#### [Work instructions]
For this exercise, return exactly the lines of the material below that begin at the one with "1) shoe [197, 356, 832, 1252]" and stop after the one with "name;x;y;z;sx;sy;sz;roll;pitch;yaw".

#### [Records provided]
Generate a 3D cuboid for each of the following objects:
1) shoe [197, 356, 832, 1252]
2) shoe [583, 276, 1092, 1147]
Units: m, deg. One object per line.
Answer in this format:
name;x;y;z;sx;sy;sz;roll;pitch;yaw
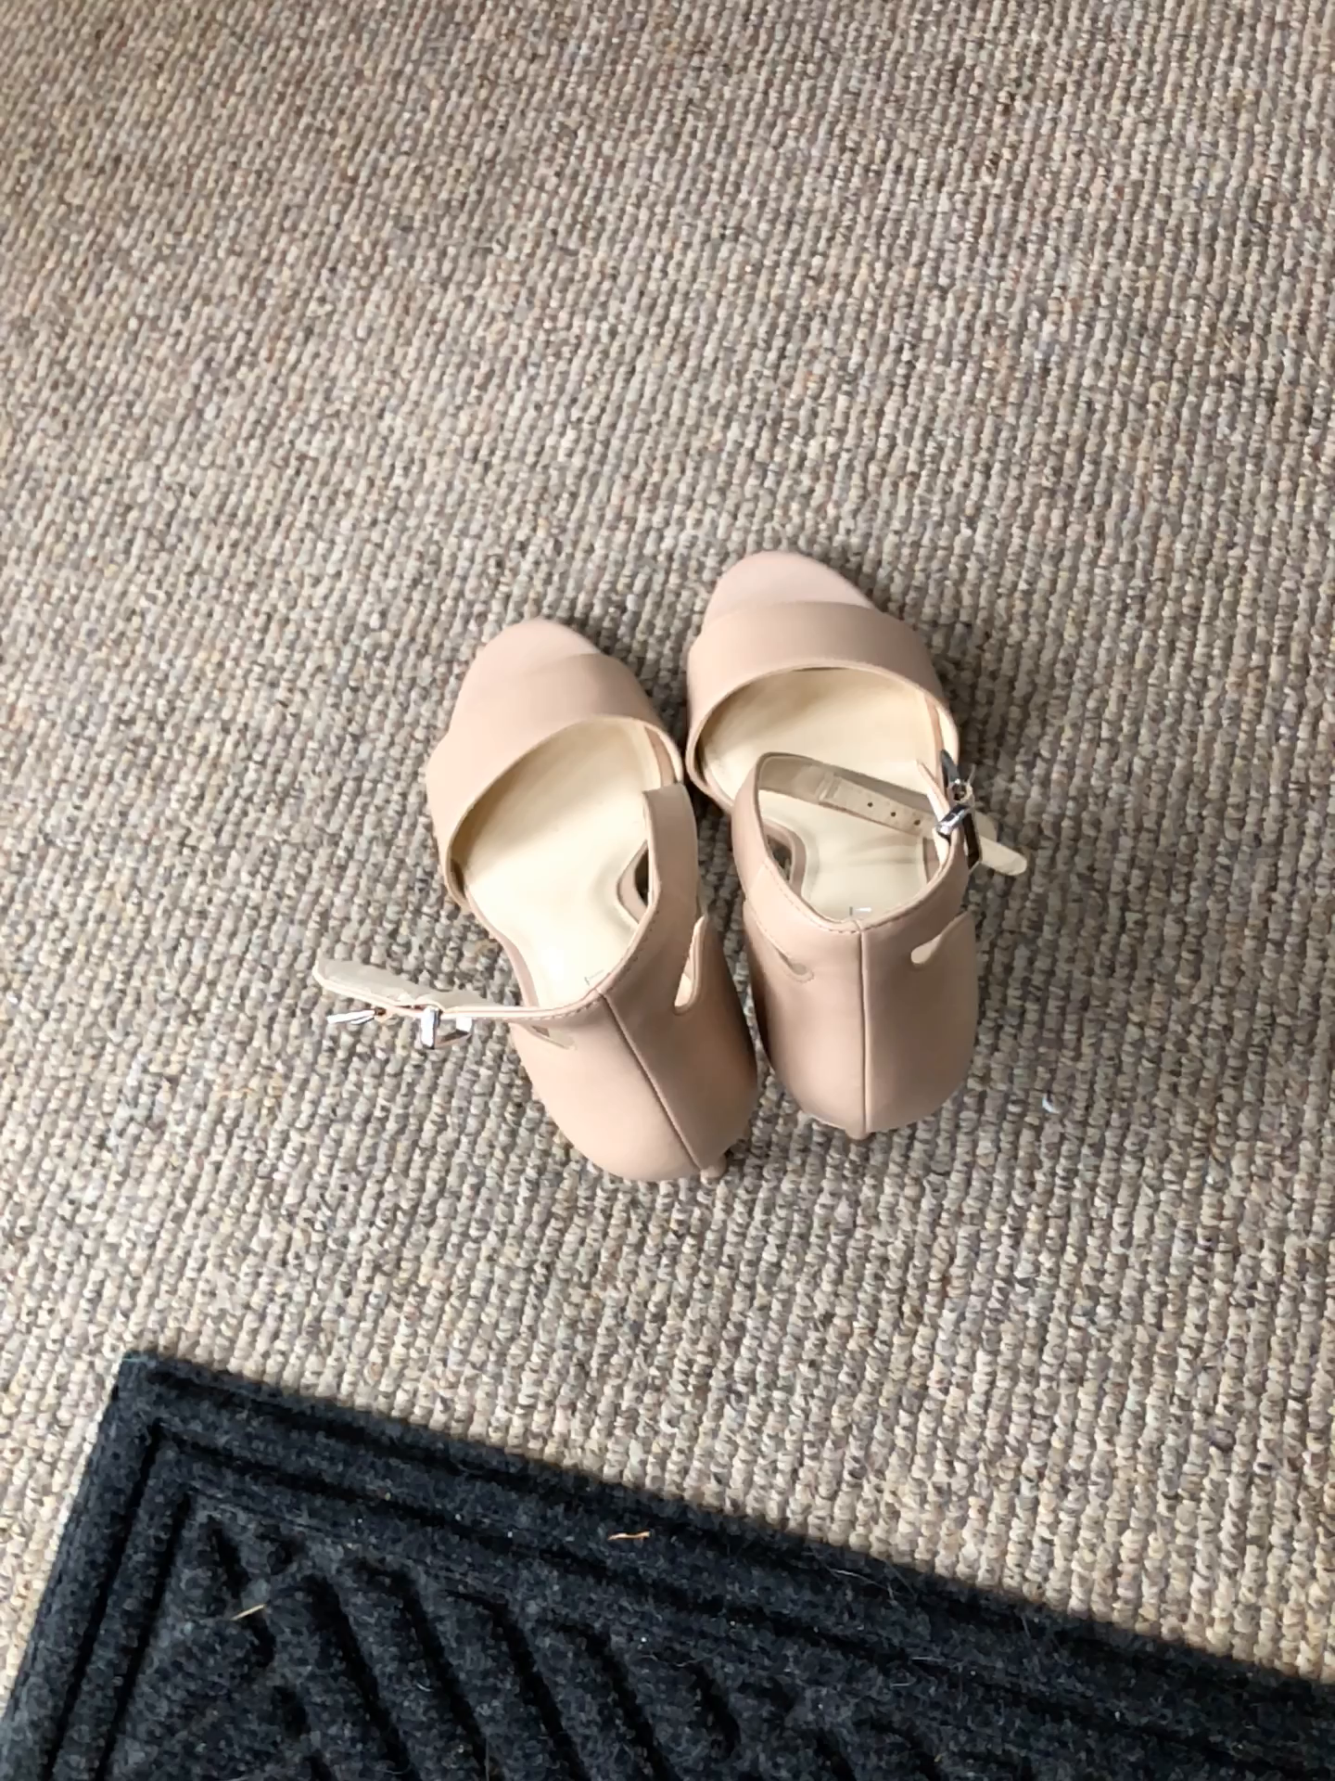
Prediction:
shoe;-0.040;-0.017;0.445;0.105;0.144;0.207;-20;70;-2
shoe;0.044;-0.043;0.453;0.099;0.154;0.207;-8;70;2

#### [Written answer]
1) shoe [197, 356, 832, 1252]
2) shoe [583, 276, 1092, 1147]
Units: m, deg. One object per line.
Answer in this format:
name;x;y;z;sx;sy;sz;roll;pitch;yaw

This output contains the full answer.